▶ Recorded information:
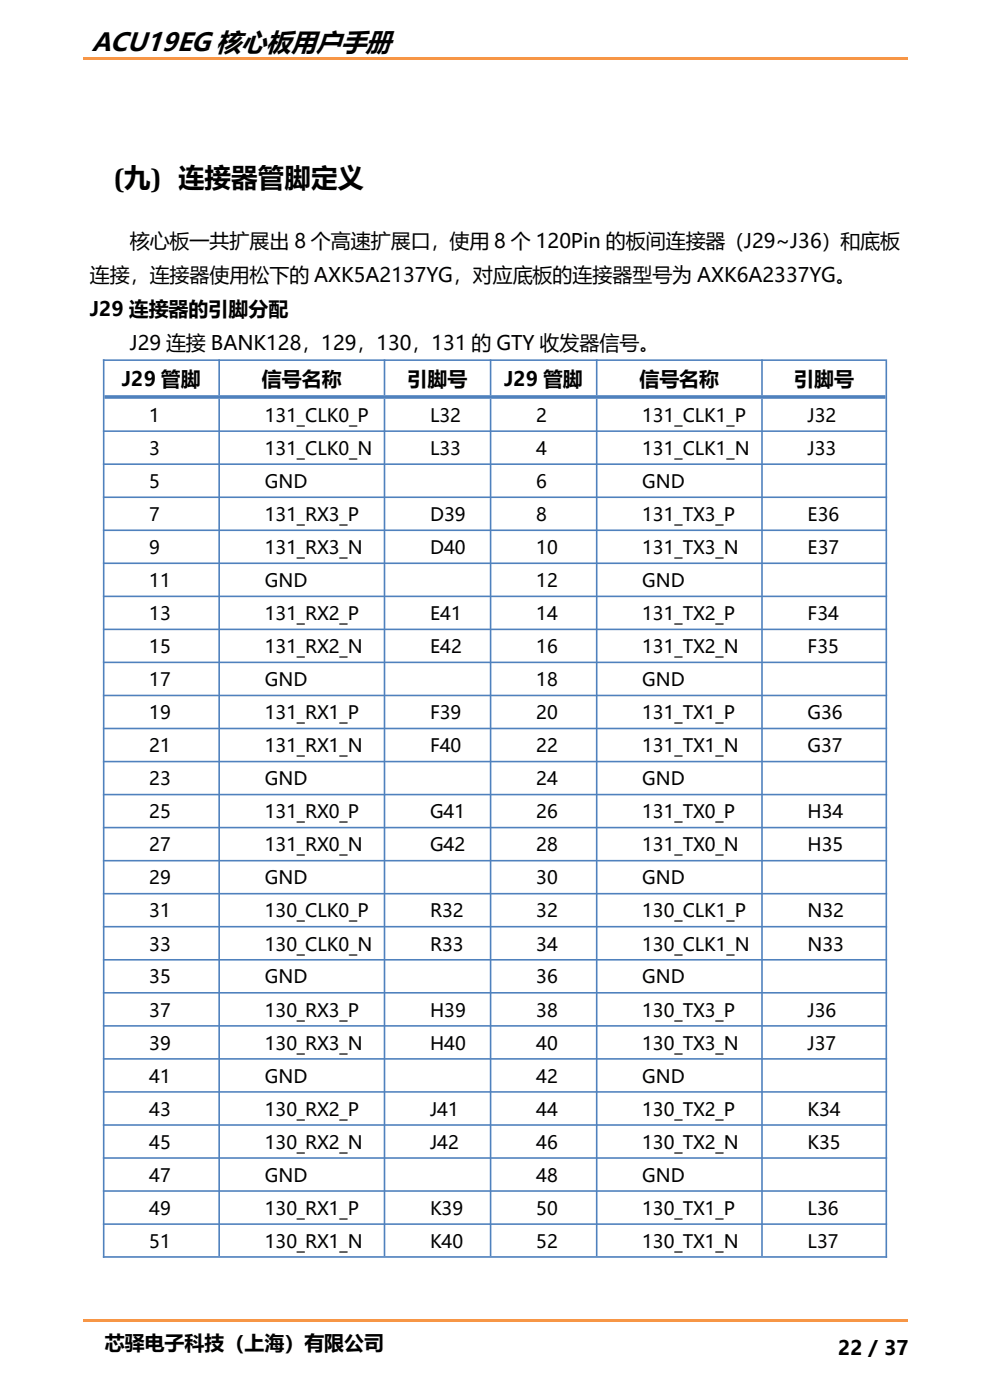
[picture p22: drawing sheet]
<svg xmlns="http://www.w3.org/2000/svg" width="210mm" height="297mm" viewBox="0 0 210 297" stroke-linecap="round" stroke-linejoin="round" font-family="sans-serif">
<defs><g id="words">
<g font-size="5.6">
<text x="19.4" y="10.8">ACU19EG 核心板用户手册</text>
<text x="24" y="39.7">(九) 连接器管脚定义</text>
</g>
<g font-size="4.2">
<text x="27.5" y="52.5">核心板一共扩展出 8 个高速扩展口，使用 8 个 120Pin 的板间连接器（J29~J36）和底板</text>
<text x="19" y="59.7">连接，连接器使用松下的 AXK5A2137YG，对应底板的连接器型号为 AXK6A2337YG。</text>
<text x="19" y="67">J29 连接器的引脚分配</text>
<text x="27.5" y="74.3">J29 连接 BANK128，129，130，131 的 GTY 收发器信号。</text>
<text x="25.9" y="81.9">J29 管脚</text>
<text x="55.5" y="81.9">信号名称</text>
<text x="86.4" y="81.9">引脚号</text>
<text x="106.9" y="81.9">J29 管脚</text>
<text x="135.6" y="81.9">信号名称</text>
<text x="168.5" y="81.9">引脚号</text>
<text x="22.2" y="286.4">芯驿电子科技（上海）有限公司</text>
<text x="177.8" y="287.5">22 / 37</text>
</g>
<g font-size="3.9">
<text x="31.7" y="89.5">1</text>
<text x="56.2" y="89.5">131_CLK0_P</text>
<text x="91.2" y="89.5">L32</text>
<text x="113.7" y="89.5">2</text>
<text x="136.2" y="89.5">131_CLK1_P</text>
<text x="171.3" y="89.5">J32</text>
<text x="31.7" y="96.5">3</text>
<text x="56.2" y="96.5">131_CLK0_N</text>
<text x="91.2" y="96.5">L33</text>
<text x="113.7" y="96.5">4</text>
<text x="136.2" y="96.5">131_CLK1_N</text>
<text x="171.3" y="96.5">J33</text>
<text x="31.7" y="103.5">5</text>
<text x="56.2" y="103.5">GND</text>
<text x="113.7" y="103.5">6</text>
<text x="136.2" y="103.5">GND</text>
<text x="31.7" y="110.5">7</text>
<text x="56.2" y="110.5">131_RX3_P</text>
<text x="91.2" y="110.5">D39</text>
<text x="113.7" y="110.5">8</text>
<text x="136.2" y="110.5">131_TX3_P</text>
<text x="171.3" y="110.5">E36</text>
<text x="31.7" y="117.5">9</text>
<text x="56.2" y="117.5">131_RX3_N</text>
<text x="91.2" y="117.5">D40</text>
<text x="113.7" y="117.5">10</text>
<text x="136.2" y="117.5">131_TX3_N</text>
<text x="171.3" y="117.5">E37</text>
<text x="31.7" y="124.6">11</text>
<text x="56.2" y="124.6">GND</text>
<text x="113.7" y="124.6">12</text>
<text x="136.2" y="124.6">GND</text>
<text x="31.7" y="131.5">13</text>
<text x="56.2" y="131.5">131_RX2_P</text>
<text x="91.2" y="131.5">E41</text>
<text x="113.7" y="131.5">14</text>
<text x="136.2" y="131.5">131_TX2_P</text>
<text x="171.3" y="131.5">F34</text>
<text x="31.7" y="138.6">15</text>
<text x="56.2" y="138.6">131_RX2_N</text>
<text x="91.2" y="138.6">E42</text>
<text x="113.7" y="138.6">16</text>
<text x="136.2" y="138.6">131_TX2_N</text>
<text x="171.3" y="138.6">F35</text>
<text x="31.7" y="145.6">17</text>
<text x="56.2" y="145.6">GND</text>
<text x="113.7" y="145.6">18</text>
<text x="136.2" y="145.6">GND</text>
<text x="31.7" y="152.6">19</text>
<text x="56.2" y="152.6">131_RX1_P</text>
<text x="91.2" y="152.6">F39</text>
<text x="113.7" y="152.6">20</text>
<text x="136.2" y="152.6">131_TX1_P</text>
<text x="171.3" y="152.6">G36</text>
<text x="31.7" y="159.6">21</text>
<text x="56.2" y="159.6">131_RX1_N</text>
<text x="91.2" y="159.6">F40</text>
<text x="113.7" y="159.6">22</text>
<text x="136.2" y="159.6">131_TX1_N</text>
<text x="171.3" y="159.6">G37</text>
<text x="31.7" y="166.6">23</text>
<text x="56.2" y="166.6">GND</text>
<text x="113.7" y="166.6">24</text>
<text x="136.2" y="166.6">GND</text>
<text x="31.7" y="173.6">25</text>
<text x="56.2" y="173.6">131_RX0_P</text>
<text x="91.2" y="173.6">G41</text>
<text x="113.7" y="173.6">26</text>
<text x="136.2" y="173.6">131_TX0_P</text>
<text x="171.3" y="173.6">H34</text>
<text x="31.7" y="180.6">27</text>
<text x="56.2" y="180.6">131_RX0_N</text>
<text x="91.2" y="180.6">G42</text>
<text x="113.7" y="180.6">28</text>
<text x="136.2" y="180.6">131_TX0_N</text>
<text x="171.3" y="180.6">H35</text>
<text x="31.7" y="187.6">29</text>
<text x="56.2" y="187.6">GND</text>
<text x="113.7" y="187.6">30</text>
<text x="136.2" y="187.6">GND</text>
<text x="31.7" y="194.6">31</text>
<text x="56.2" y="194.6">130_CLK0_P</text>
<text x="91.2" y="194.6">R32</text>
<text x="113.7" y="194.6">32</text>
<text x="136.2" y="194.6">130_CLK1_P</text>
<text x="171.3" y="194.6">N32</text>
<text x="31.7" y="201.7">33</text>
<text x="56.2" y="201.7">130_CLK0_N</text>
<text x="91.2" y="201.7">R33</text>
<text x="113.7" y="201.7">34</text>
<text x="136.2" y="201.7">130_CLK1_N</text>
<text x="171.3" y="201.7">N33</text>
<text x="31.7" y="208.6">35</text>
<text x="56.2" y="208.6">GND</text>
<text x="113.7" y="208.6">36</text>
<text x="136.2" y="208.6">GND</text>
<text x="31.7" y="215.7">37</text>
<text x="56.2" y="215.7">130_RX3_P</text>
<text x="91.2" y="215.7">H39</text>
<text x="113.7" y="215.7">38</text>
<text x="136.2" y="215.7">130_TX3_P</text>
<text x="171.3" y="215.7">J36</text>
<text x="31.7" y="222.7">39</text>
<text x="56.2" y="222.7">130_RX3_N</text>
<text x="91.2" y="222.7">H40</text>
<text x="113.7" y="222.7">40</text>
<text x="136.2" y="222.7">130_TX3_N</text>
<text x="171.3" y="222.7">J37</text>
<text x="31.7" y="229.7">41</text>
<text x="56.2" y="229.7">GND</text>
<text x="113.7" y="229.7">42</text>
<text x="136.2" y="229.7">GND</text>
<text x="31.7" y="236.7">43</text>
<text x="56.2" y="236.7">130_RX2_P</text>
<text x="91.2" y="236.7">J41</text>
<text x="113.7" y="236.7">44</text>
<text x="136.2" y="236.7">130_TX2_P</text>
<text x="171.3" y="236.7">K34</text>
<text x="31.7" y="243.7">45</text>
<text x="56.2" y="243.7">130_RX2_N</text>
<text x="91.2" y="243.7">J42</text>
<text x="113.7" y="243.7">46</text>
<text x="136.2" y="243.7">130_TX2_N</text>
<text x="171.3" y="243.7">K35</text>
<text x="31.7" y="250.7">47</text>
<text x="56.2" y="250.7">GND</text>
<text x="113.7" y="250.7">48</text>
<text x="136.2" y="250.7">GND</text>
<text x="31.7" y="257.7">49</text>
<text x="56.2" y="257.7">130_RX1_P</text>
<text x="91.2" y="257.7">K39</text>
<text x="113.7" y="257.7">50</text>
<text x="136.2" y="257.7">130_TX1_P</text>
<text x="171.3" y="257.7">L36</text>
<text x="31.7" y="264.7">51</text>
<text x="56.2" y="264.7">130_RX1_N</text>
<text x="91.2" y="264.7">K40</text>
<text x="113.7" y="264.7">52</text>
<text x="136.2" y="264.7">130_TX1_N</text>
<text x="171.3" y="264.7">L37</text>
</g>
</g></defs>
<path d="M17.7 12.1h175v.5h-175z" fill-rule="evenodd" fill="#f79646"/>
<g fill="#fff">
<path d="M173.1 280.9h22.2v8.2h-22.2z" fill-rule="evenodd"/>
<path d="M18.3 279.9h67.2v11.4h-67.2z" fill-rule="evenodd"/>
</g>
<path d="M17.7 279.9h175v.5h-175z" fill-rule="evenodd" fill="#f79646"/>
<g fill="none" stroke="#4f81bd" stroke-width=".34">
<path d="M21.8 76.4h166.4M22 76.2v190.6M46.5 76.2v7.6M81.6 76.2v7.6M104.1 76.2v7.6M126.6 76.2v7.6M161.6 76.2v7.6M188 76.6v190.2M21.8 91.5h166.4M21.8 98.5h166.4M46.5 84.6v181.9M81.6 84.6v181.9"/>
<path d="M104.1 84.6v181.9M126.6 84.6v181.9M161.6 84.6v181.9M21.8 105.5h166.4M21.8 112.5h166.4M21.8 119.5h166.4M21.8 126.5h166.4M21.8 133.5h166.4M21.8 140.5h166.4M21.8 147.5h166.4M21.8 154.5h166.4M21.8 161.6h166.4"/>
<path d="M21.8 168.6h166.4M21.8 175.6h166.4M21.8 182.6h166.4M21.8 189.6h166.4M21.8 196.6h166.4M21.8 203.6h166.4M21.8 210.6h166.4M21.8 217.6h166.4M21.8 224.6h166.4M21.8 231.6h166.4M21.8 238.7h166.4M21.8 245.7h166.4"/>
<path d="M21.8 252.7h166.4M21.8 259.7h166.4M21.8 266.7h166.4"/>
</g>
<path d="M22.2 84.2h165.6" fill="none" stroke="#4f81bd" stroke-width=".76" stroke-linecap="butt"/>
<use href="#words"/>
</svg>

▶ Directions: An exact copy of the entries from the line containing "168.6h166.4M21.8 175.6h166.4M21.8 182.6h166.4M21.8" through the last line is the expected answer.

▶ Output for this task:
<path d="M21.8 168.6h166.4M21.8 175.6h166.4M21.8 182.6h166.4M21.8 189.6h166.4M21.8 196.6h166.4M21.8 203.6h166.4M21.8 210.6h166.4M21.8 217.6h166.4M21.8 224.6h166.4M21.8 231.6h166.4M21.8 238.7h166.4M21.8 245.7h166.4"/>
<path d="M21.8 252.7h166.4M21.8 259.7h166.4M21.8 266.7h166.4"/>
</g>
<path d="M22.2 84.2h165.6" fill="none" stroke="#4f81bd" stroke-width=".76" stroke-linecap="butt"/>
<use href="#words"/>
</svg>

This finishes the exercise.